Der Tremor an sich ist keine Krankheit sondern ein neurologisches Symptom, das sich am Besten als “Zittern” übersetzen lässt. Die Ursachen eines Tremors reichen von harmlosen Dingen wie Aufregung (sog. physiologischer Tremor) über Medikamente bis hin zu schweren Bewegungsstörungen wie beim Parkinson-Tremor. Ein besonderer Tremor ist der essentielle Tremor, eine Bewegungsstörung mit bisher ungeklärter Ursache. Hierbei handelt es sich um einen sogenannten Aktionstremor, der also vor allem bei alltäglichen Aktionen wie Wasser einschenken oder Essen auftritt und Betroffene je nach Ausprägung massiv beeinträchtigen kann. Auch wenn die zugrunde liegenden Mechanismen bisher nicht ausreichend verstanden sind gibt es vielversprechende Therapie-Ansätze.
Hier finden Sie einen generellen Überblick über das Thema Tremor
Bisher ist bekannt, dass der essentielle Tremor familiär gehäuft vorkommt und meistens bestimmte Mutationen zugrunde liegen. Die genauen Mechanismen, die zu der Krankheit führen sind allerdings nach wie vor nicht ausreichend geklärt, sodass eine zielgerichtete Therapie nicht möglich ist.
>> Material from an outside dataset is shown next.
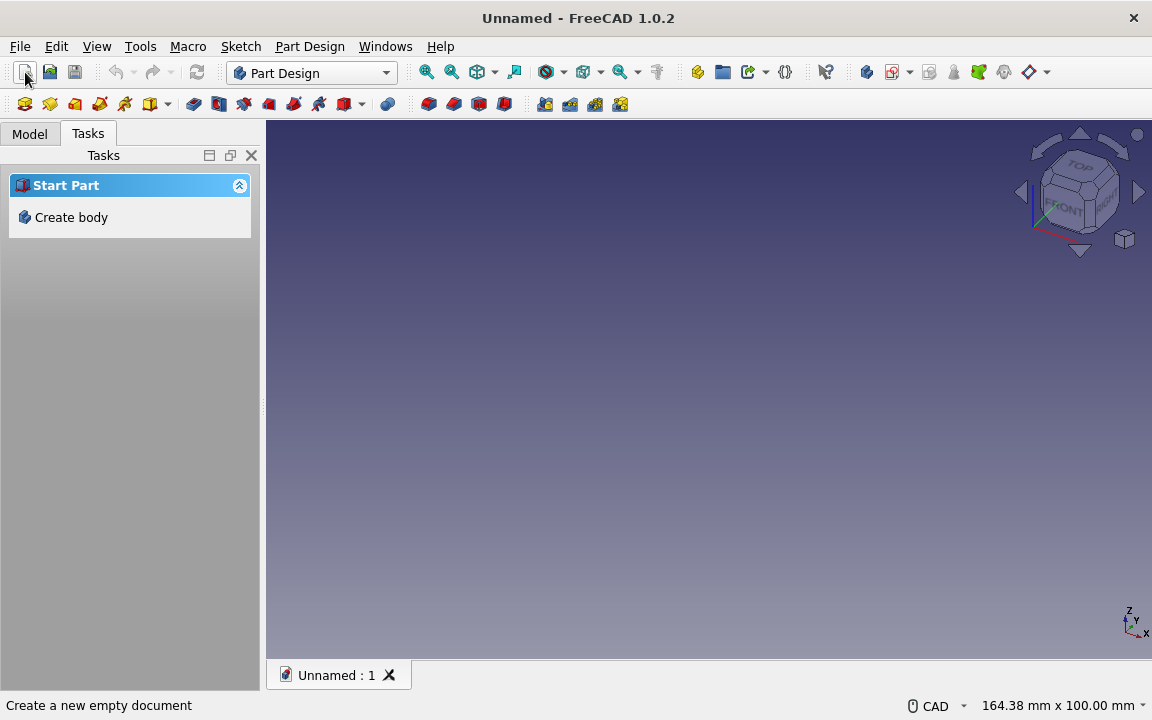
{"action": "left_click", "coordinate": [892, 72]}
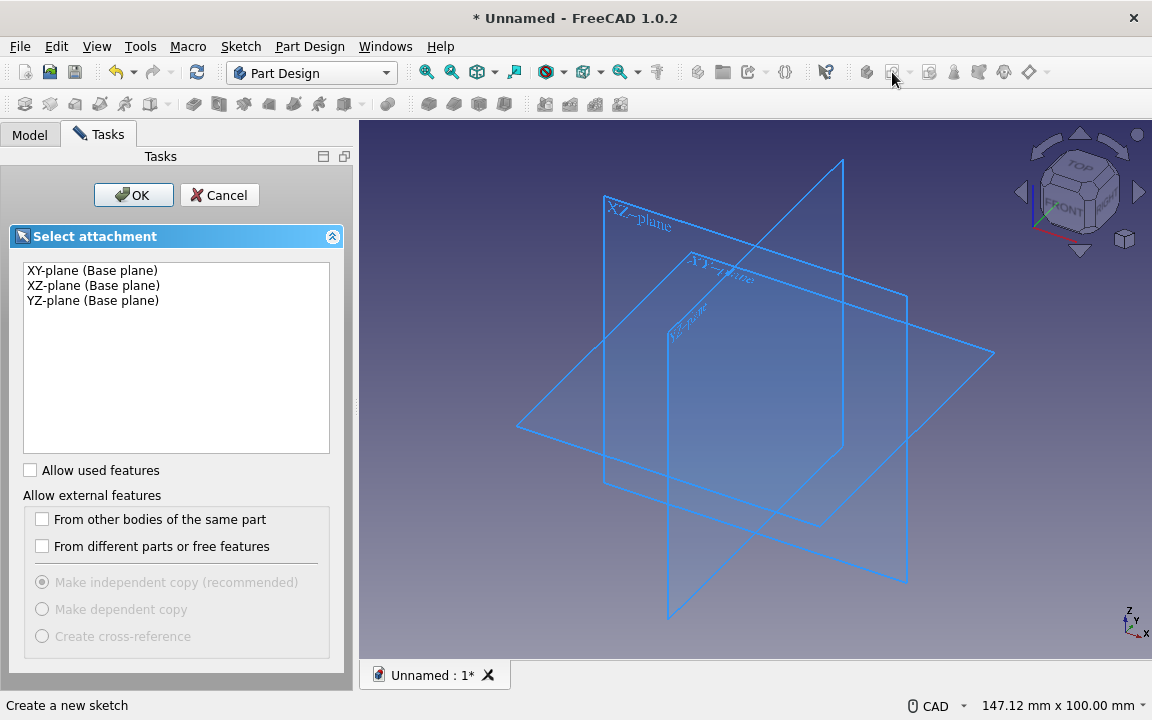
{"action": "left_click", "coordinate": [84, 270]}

Heilbar ist der essentielle Tremor also nicht. Es gibt jedoch einige Therapieansätze, die eine gute Linderung des Tremors bringen können.
Zunächst sollte festgestellt werden, ob wirklich ein essentieller Tremor vorliegt. Kennzeichen sind
ein Aktionstremor, also ein Tremor bei Tätigkeiten wie Wasser einschänken
meist Tremor der Hände und des Kopfes, gelegentlich auch ein sog. Stimmtremor
familiäre Häufung
Zunahme des Tremors bei Stress bzw. psychischer Belastung
oft wird eine Besserung unter Alkohol beobachtet (was natürlich keine Aufforderung zum Alkoholkonsum darstellt!)
Weiterhin müssen andere Ursachen, insbesondere ein Tremor durch Medikamente, ausgeschlossen werden. Hierzu gehören in erster Linie Thyroxin, Lithium, Cortison und Valproat. Auch Koffein kann einen Tremor auslösen, in diesem Fall sollten natürlich koffeinhaltige Getränke reduziert werden.
Ist der essentielle Tremor diagnostiziert kommt es auf den Grad der Beeinträchtigung an. Liegt keine oder nur eine mäßige Beeinträchtigung im Alltag vor ist oft keine Therapie nötig. ansonsten können Medikamente helfen, in schweren Fällen kann die operative Implantation eines “Hirnschrittmachers” nötig werden.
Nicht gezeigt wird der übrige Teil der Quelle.